RE-Bench is positioned as an early warning system for one of the capabilities most relevant to frontier AI risk: the automation of AI research itself [1][2]. If agents were to surpass expert humans across these environments at long time budgets and low cost, that would suggest AI systems could meaningfully speed up their own development, a dynamic that safety researchers treat as a potential threshold for rapid and hard-to-govern capability gains [1]. By tying agent performance to concrete human percentiles, the benchmark gives policymakers and labs a more interpretable signal than abstract accuracy numbers [2][6].
The work has been influential in the evaluation community. It was published as a spotlight paper at ICML 2025, and its environments, human-expert data, analysis code, and agent transcripts were open-sourced to support reproduction and follow-on research [1][3][5]. METR and others have since extended the framework, including studies of automated kernel engineering and of adversarial or sabotage behavior in research settings built on RE-Bench [2][8].
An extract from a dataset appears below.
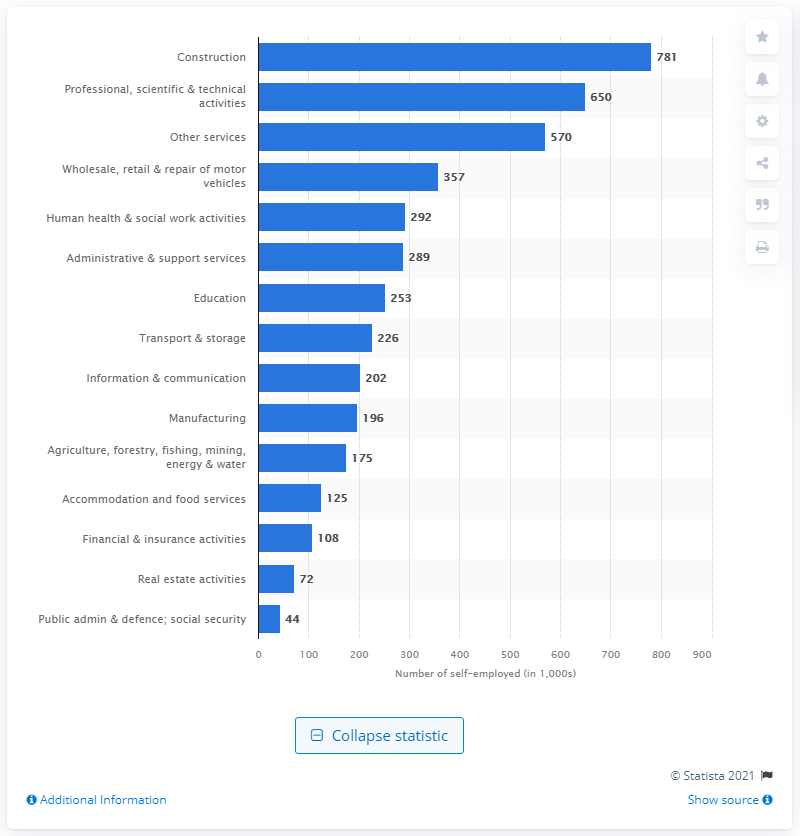Highlight a few significant elements in this photo. The second most common industry for the self-employed in the UK is construction. 
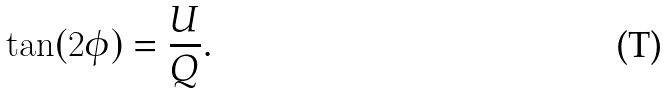<formula> <loc_0><loc_0><loc_500><loc_500>\tan ( 2 \phi ) = \frac { U } { Q } .</formula>

METR is explicit that RE-Bench is a partial proxy for real AI R&D rather than a complete measure of it [1][2]. The benchmark contains only seven environments, far fewer than many automated benchmarks, which limits statistical resolution. Its tasks come with clear objectives, a working starting solution, and fast scoring feedback, whereas genuine research often involves ambiguous goals, the need to define one's own metrics, and feedback loops that can take weeks or months [1][2]. Performance is also sensitive to the agent scaffold and to the time-budget aggregation method, so headline comparisons depend on methodological choices [1]. Finally, because the environments and reference solutions are public, future evaluations risk contamination from training data, a general hazard for static benchmarks [1]. METR therefore presents RE-Bench results as one input among several rather than a definitive verdict on whether AI can automate AI research.